Mind the Secret Bunker - pepys
https://www.laphamsquarterly.org/roundtable/mind-secret-bunker
======
richardfeynman
I've found a bunch of secretish bunkers and tunnels in San Francisco. They're
all over the place starting at ocean beach and going towards GG Bridge.

------
zoenolan
London Transport Museum do tours of Down Street and a few of the other disused
stations. Weill worth a visit is you can

[https://www.ltmuseum.co.uk/whats-on/hidden-london/down-
stree...](https://www.ltmuseum.co.uk/whats-on/hidden-london/down-street)

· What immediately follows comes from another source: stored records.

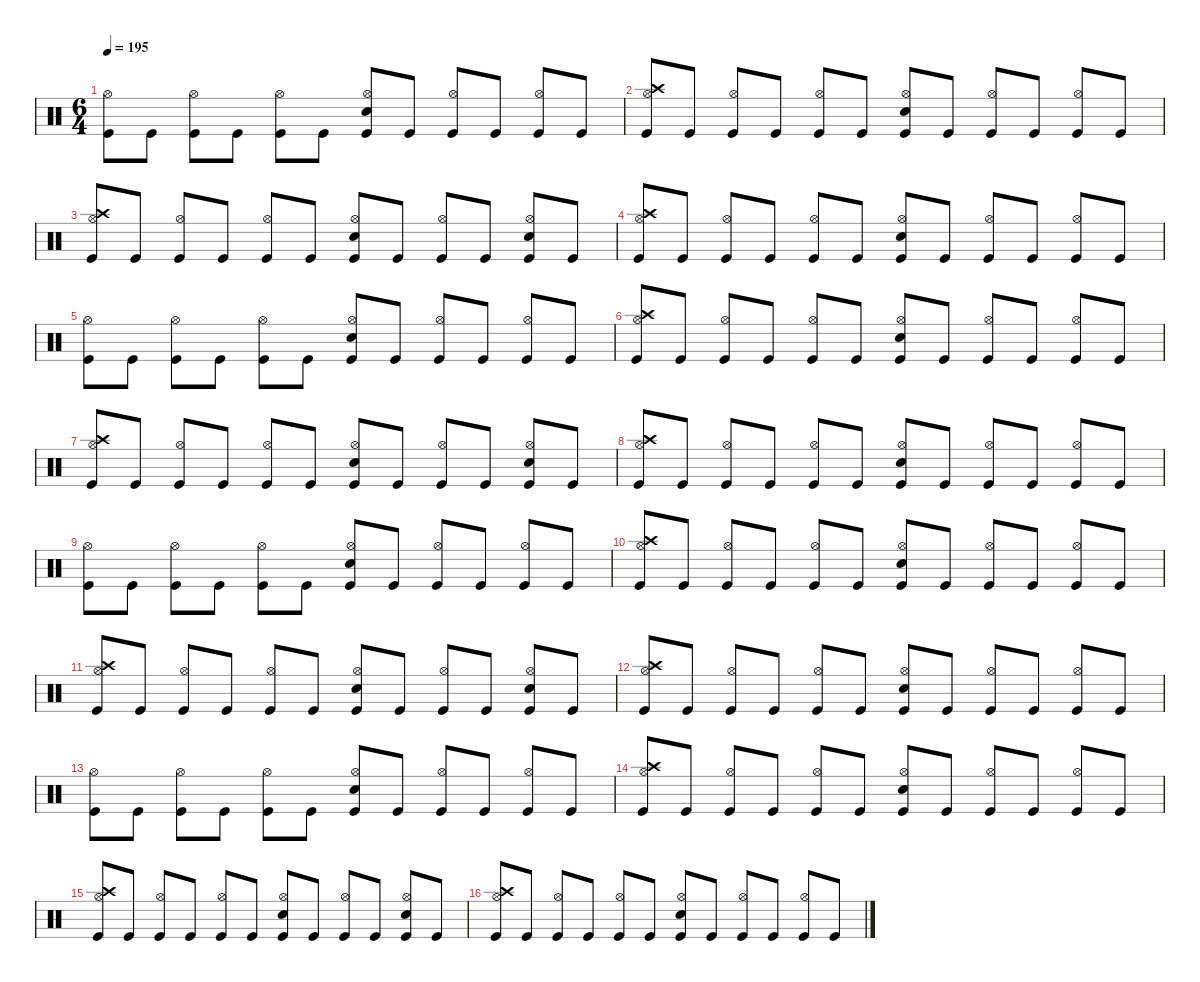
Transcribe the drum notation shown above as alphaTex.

\defaultSystemsLayout 4
\hideDynamics
\bracketExtendMode nobrackets
\singleTrackTrackNamePolicy hidden
\multiTrackTrackNamePolicy hidden
\firstSystemTrackNameMode fullname
\firstSystemTrackNameOrientation horizontal
\otherSystemsTrackNameOrientation horizontal
\track ("Percussion" "drm.") {instrument percussion}
\staff {score}
\articulation defaults
\ts (6 4)
\tempo 195
\clef neutral
\ks c
("Hi-Hat (open)" "Kick (hit)").8{dy f beam Down} "Kick (hit)".8{beam Down} ("Hi-Hat (open)" "Kick (hit)").8{beam Down} "Kick (hit)".8{beam Down} ("Hi-Hat (open)" "Kick (hit)").8{beam Down} "Kick (hit)".8{beam Down} ("Snare (hit) 2" "Hi-Hat (open)" "Kick (hit)").8{beam Up} "Kick (hit)".8{beam Up} ("Hi-Hat (open)" "Kick (hit)").8{beam Up} "Kick (hit)".8{beam Up} ("Hi-Hat (open)" "Kick (hit)").8{beam Up} "Kick (hit)".8{beam Up} |
("Crash high (hit)" "Hi-Hat (open)" "Kick (hit)").8{beam Up} "Kick (hit)".8{beam Up} ("Hi-Hat (open)" "Kick (hit)").8{beam Up} "Kick (hit)".8{beam Up} ("Hi-Hat (open)" "Kick (hit)").8{beam Up} "Kick (hit)".8{beam Up} ("Snare (hit) 2" "Hi-Hat (open)" "Kick (hit)").8{beam Up} "Kick (hit)".8{beam Up} ("Hi-Hat (open)" "Kick (hit)").8{beam Up} "Kick (hit)".8{beam Up} ("Hi-Hat (open)" "Kick (hit)").8{beam Up} "Kick (hit)".8{beam Up} |
("Crash high (hit)" "Hi-Hat (open)" "Kick (hit)").8{beam Up} "Kick (hit)".8{beam Up} ("Hi-Hat (open)" "Kick (hit)").8{beam Up} "Kick (hit)".8{beam Up} ("Hi-Hat (open)" "Kick (hit)").8{beam Up} "Kick (hit)".8{beam Up} ("Snare (hit) 2" "Hi-Hat (open)" "Kick (hit)").8{beam Up} "Kick (hit)".8{beam Up} ("Hi-Hat (open)" "Kick (hit)").8{beam Up} "Kick (hit)".8{beam Up} ("Snare (hit) 2" "Hi-Hat (open)" "Kick (hit)").8{beam Up} "Kick (hit)".8{beam Up} |
("Crash high (hit)" "Hi-Hat (open)" "Kick (hit)").8{beam Up} "Kick (hit)".8{beam Up} ("Hi-Hat (open)" "Kick (hit)").8{beam Up} "Kick (hit)".8{beam Up} ("Hi-Hat (open)" "Kick (hit)").8{beam Up} "Kick (hit)".8{beam Up} ("Snare (hit) 2" "Hi-Hat (open)" "Kick (hit)").8{beam Up} "Kick (hit)".8{beam Up} ("Hi-Hat (open)" "Kick (hit)").8{beam Up} "Kick (hit)".8{beam Up} ("Hi-Hat (open)" "Kick (hit)").8{beam Up} "Kick (hit)".8{beam Up} |
("Hi-Hat (open)" "Kick (hit)").8{beam Down} "Kick (hit)".8{beam Down} ("Hi-Hat (open)" "Kick (hit)").8{beam Down} "Kick (hit)".8{beam Down} ("Hi-Hat (open)" "Kick (hit)").8{beam Down} "Kick (hit)".8{beam Down} ("Snare (hit) 2" "Hi-Hat (open)" "Kick (hit)").8{beam Up} "Kick (hit)".8{beam Up} ("Hi-Hat (open)" "Kick (hit)").8{beam Up} "Kick (hit)".8{beam Up} ("Hi-Hat (open)" "Kick (hit)").8{beam Up} "Kick (hit)".8{beam Up} |
("Crash high (hit)" "Hi-Hat (open)" "Kick (hit)").8{beam Up} "Kick (hit)".8{beam Up} ("Hi-Hat (open)" "Kick (hit)").8{beam Up} "Kick (hit)".8{beam Up} ("Hi-Hat (open)" "Kick (hit)").8{beam Up} "Kick (hit)".8{beam Up} ("Snare (hit) 2" "Hi-Hat (open)" "Kick (hit)").8{beam Up} "Kick (hit)".8{beam Up} ("Hi-Hat (open)" "Kick (hit)").8{beam Up} "Kick (hit)".8{beam Up} ("Hi-Hat (open)" "Kick (hit)").8{beam Up} "Kick (hit)".8{beam Up} |
("Crash high (hit)" "Hi-Hat (open)" "Kick (hit)").8{beam Up} "Kick (hit)".8{beam Up} ("Hi-Hat (open)" "Kick (hit)").8{beam Up} "Kick (hit)".8{beam Up} ("Hi-Hat (open)" "Kick (hit)").8{beam Up} "Kick (hit)".8{beam Up} ("Snare (hit) 2" "Hi-Hat (open)" "Kick (hit)").8{beam Up} "Kick (hit)".8{beam Up} ("Hi-Hat (open)" "Kick (hit)").8{beam Up} "Kick (hit)".8{beam Up} ("Snare (hit) 2" "Hi-Hat (open)" "Kick (hit)").8{beam Up} "Kick (hit)".8{beam Up} |
("Crash high (hit)" "Hi-Hat (open)" "Kick (hit)").8{beam Up} "Kick (hit)".8{beam Up} ("Hi-Hat (open)" "Kick (hit)").8{beam Up} "Kick (hit)".8{beam Up} ("Hi-Hat (open)" "Kick (hit)").8{beam Up} "Kick (hit)".8{beam Up} ("Snare (hit) 2" "Hi-Hat (open)" "Kick (hit)").8{beam Up} "Kick (hit)".8{beam Up} ("Hi-Hat (open)" "Kick (hit)").8{beam Up} "Kick (hit)".8{beam Up} ("Hi-Hat (open)" "Kick (hit)").8{beam Up} "Kick (hit)".8{beam Up} |
("Hi-Hat (open)" "Kick (hit)").8{beam Down} "Kick (hit)".8{beam Down} ("Hi-Hat (open)" "Kick (hit)").8{beam Down} "Kick (hit)".8{beam Down} ("Hi-Hat (open)" "Kick (hit)").8{beam Down} "Kick (hit)".8{beam Down} ("Snare (hit) 2" "Hi-Hat (open)" "Kick (hit)").8{beam Up} "Kick (hit)".8{beam Up} ("Hi-Hat (open)" "Kick (hit)").8{beam Up} "Kick (hit)".8{beam Up} ("Hi-Hat (open)" "Kick (hit)").8{beam Up} "Kick (hit)".8{beam Up} |
("Crash high (hit)" "Hi-Hat (open)" "Kick (hit)").8{beam Up} "Kick (hit)".8{beam Up} ("Hi-Hat (open)" "Kick (hit)").8{beam Up} "Kick (hit)".8{beam Up} ("Hi-Hat (open)" "Kick (hit)").8{beam Up} "Kick (hit)".8{beam Up} ("Snare (hit) 2" "Hi-Hat (open)" "Kick (hit)").8{beam Up} "Kick (hit)".8{beam Up} ("Hi-Hat (open)" "Kick (hit)").8{beam Up} "Kick (hit)".8{beam Up} ("Hi-Hat (open)" "Kick (hit)").8{beam Up} "Kick (hit)".8{beam Up} |
("Crash high (hit)" "Hi-Hat (open)" "Kick (hit)").8{beam Up} "Kick (hit)".8{beam Up} ("Hi-Hat (open)" "Kick (hit)").8{beam Up} "Kick (hit)".8{beam Up} ("Hi-Hat (open)" "Kick (hit)").8{beam Up} "Kick (hit)".8{beam Up} ("Snare (hit) 2" "Hi-Hat (open)" "Kick (hit)").8{beam Up} "Kick (hit)".8{beam Up} ("Hi-Hat (open)" "Kick (hit)").8{beam Up} "Kick (hit)".8{beam Up} ("Snare (hit) 2" "Hi-Hat (open)" "Kick (hit)").8{beam Up} "Kick (hit)".8{beam Up} |
("Crash high (hit)" "Hi-Hat (open)" "Kick (hit)").8{beam Up} "Kick (hit)".8{beam Up} ("Hi-Hat (open)" "Kick (hit)").8{beam Up} "Kick (hit)".8{beam Up} ("Hi-Hat (open)" "Kick (hit)").8{beam Up} "Kick (hit)".8{beam Up} ("Snare (hit) 2" "Hi-Hat (open)" "Kick (hit)").8{beam Up} "Kick (hit)".8{beam Up} ("Hi-Hat (open)" "Kick (hit)").8{beam Up} "Kick (hit)".8{beam Up} ("Hi-Hat (open)" "Kick (hit)").8{beam Up} "Kick (hit)".8{beam Up} |
("Hi-Hat (open)" "Kick (hit)").8{beam Down} "Kick (hit)".8{beam Down} ("Hi-Hat (open)" "Kick (hit)").8{beam Down} "Kick (hit)".8{beam Down} ("Hi-Hat (open)" "Kick (hit)").8{beam Down} "Kick (hit)".8{beam Down} ("Snare (hit) 2" "Hi-Hat (open)" "Kick (hit)").8{beam Up} "Kick (hit)".8{beam Up} ("Hi-Hat (open)" "Kick (hit)").8{beam Up} "Kick (hit)".8{beam Up} ("Hi-Hat (open)" "Kick (hit)").8{beam Up} "Kick (hit)".8{beam Up} |
("Crash high (hit)" "Hi-Hat (open)" "Kick (hit)").8{beam Up} "Kick (hit)".8{beam Up} ("Hi-Hat (open)" "Kick (hit)").8{beam Up} "Kick (hit)".8{beam Up} ("Hi-Hat (open)" "Kick (hit)").8{beam Up} "Kick (hit)".8{beam Up} ("Snare (hit) 2" "Hi-Hat (open)" "Kick (hit)").8{beam Up} "Kick (hit)".8{beam Up} ("Hi-Hat (open)" "Kick (hit)").8{beam Up} "Kick (hit)".8{beam Up} ("Hi-Hat (open)" "Kick (hit)").8{beam Up} "Kick (hit)".8{beam Up} |
("Crash high (hit)" "Hi-Hat (open)" "Kick (hit)").8{beam Up} "Kick (hit)".8{beam Up} ("Hi-Hat (open)" "Kick (hit)").8{beam Up} "Kick (hit)".8{beam Up} ("Hi-Hat (open)" "Kick (hit)").8{beam Up} "Kick (hit)".8{beam Up} ("Snare (hit) 2" "Hi-Hat (open)" "Kick (hit)").8{beam Up} "Kick (hit)".8{beam Up} ("Hi-Hat (open)" "Kick (hit)").8{beam Up} "Kick (hit)".8{beam Up} ("Snare (hit) 2" "Hi-Hat (open)" "Kick (hit)").8{beam Up} "Kick (hit)".8{beam Up} |
("Crash high (hit)" "Hi-Hat (open)" "Kick (hit)").8{beam Up} "Kick (hit)".8{beam Up} ("Hi-Hat (open)" "Kick (hit)").8{beam Up} "Kick (hit)".8{beam Up} ("Hi-Hat (open)" "Kick (hit)").8{beam Up} "Kick (hit)".8{beam Up} ("Snare (hit) 2" "Hi-Hat (open)" "Kick (hit)").8{beam Up} "Kick (hit)".8{beam Up} ("Hi-Hat (open)" "Kick (hit)").8{beam Up} "Kick (hit)".8{beam Up} ("Hi-Hat (open)" "Kick (hit)").8{beam Up} "Kick (hit)".8{beam Up}

Another interesting station is Chancery Lane and the kingsway exchange

[https://www.subbrit.org.uk/sites/kingsway-telephone-
exchange...](https://www.subbrit.org.uk/sites/kingsway-telephone-exchange/)

Other closed stations

[http://www.abandonedstations.org.uk/](http://www.abandonedstations.org.uk/)

------
PostOnce
this reminds me of a story from Jason Scott's podcast about a hidden garage
for high end motorcycles that appears outwardly to be a residential apartment,
where he muses about how many other interesting things must be hidden in our
cities

[https://m.youtube.com/watch?v=g3TOirIFh4s](https://m.youtube.com/watch?v=g3TOirIFh4s)

------
osullivj
Didn't know that the Cabinet War Rooms only came into operation after the
Blitz; I'd always assumed all those underground scenes we see in war movies
like the recent Gary Oldman Churchill movie were set in the War Rooms.